I am so glad it wasn’t Owen or Max, Molly or Tip, Hannah remembers that early afternoon five years ago when the trail beneath her feet gave way. She ended up on a perch twenty-five feet into the canyon, fifty feet below (See the links below to recapture that 2017 experience.)

She also remembers the sound of a crack she heard in her head as she landed on the rocky perch. She thinks it came from the gash to the bone of her leg as the sharp rocks ripped into her leg. I remember after supporting her for a mile and a half back down the trail from where she fell that the paramedics said to Hannah, You can choose whether you go to the emergency room with us or go with your husband, but you are going with us. The wound to the bone was so severe that the ambulance was, in fact, her only option.

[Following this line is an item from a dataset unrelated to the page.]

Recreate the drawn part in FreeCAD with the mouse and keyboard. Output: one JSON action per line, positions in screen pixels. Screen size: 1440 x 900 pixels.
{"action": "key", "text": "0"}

Nonetheless, Hannah and I choose the trail to the San Ysidro Falls in Montecito as our first winter hike of 2022. Due to the Covid pandemic we did not return to the Santa Barbara area in 2021. As usual, we come back this mid-January fleeing the cold and snow of our home base in Maine.

A mere twenty minutes from our home away from home condo in Carpinteria, we have no trouble finding parking along East Mountain Road among the multi-million dollar mansions of Montecito.
After “easy pickings” walking the level beaches of Carpinteria, we have a 1000’+ of elevation gain to the falls. Ever since the rainy February of 2017, the falls have not flowed when we have hiked because of persistent drought. Also the debris flows of January 2018 that killed 23 local residents have scoured the ravine to recontour the terrain; deadly 15’ diameter boulders littered the ravine.

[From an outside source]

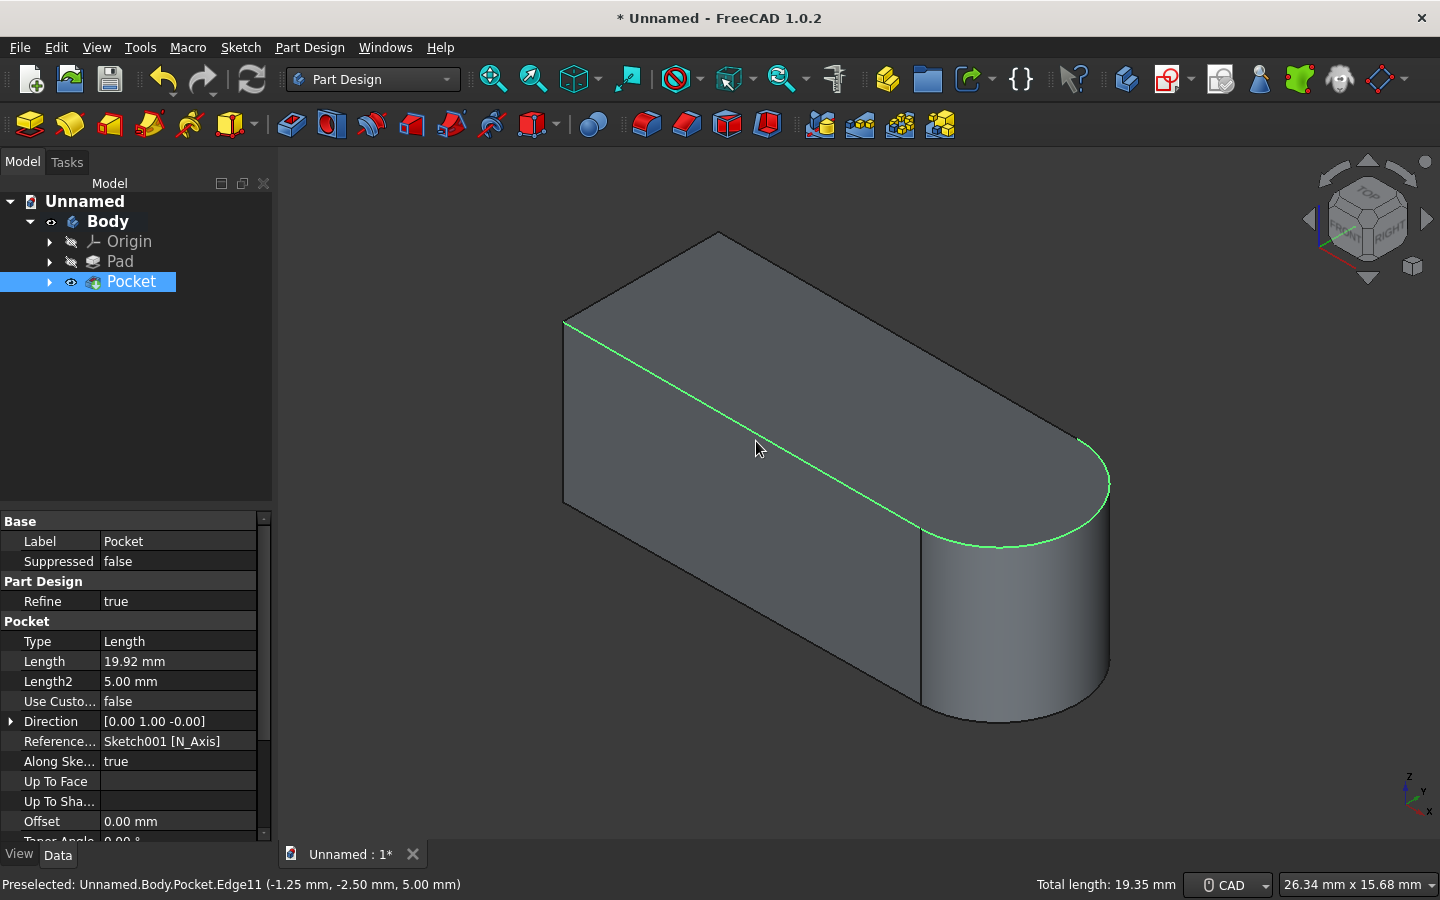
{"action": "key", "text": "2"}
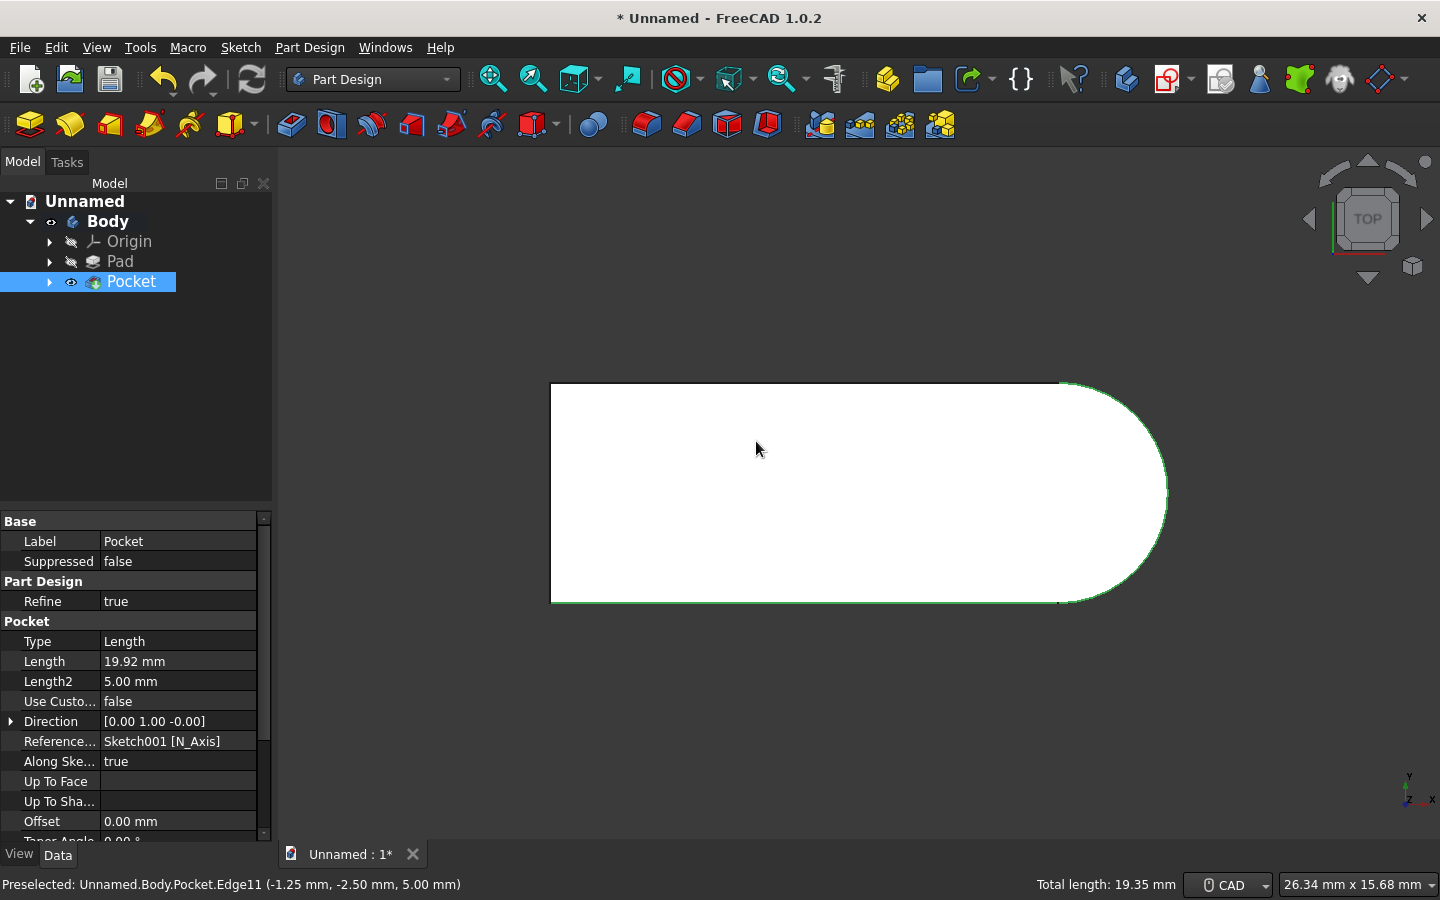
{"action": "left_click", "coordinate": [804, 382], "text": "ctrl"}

The first mile of the trail is a wide fire road with gravel and small rocks here and there on the trail. Not so pleasant for the feet but not difficult at all for hiking.

At the one mile mark, we head on a single trail that weaves through the forest along the south side of the still, in places, steep cliffs of the ravine. It doesn’t feel perilous at all, though we hike closer to the mountainside than the cliffs.

Since this area has received a good deal of rain over the last three weeks, we have green grasses and lush leafy bushes flourishing along the trail. Winter is in fact the rainy season in Santa Barbara, but you’d never know it from our eight winters here when the parched and coughing brown landscape was all we saw. The recent rains also make us hopeful that this year we’ll see water cascading down the falls.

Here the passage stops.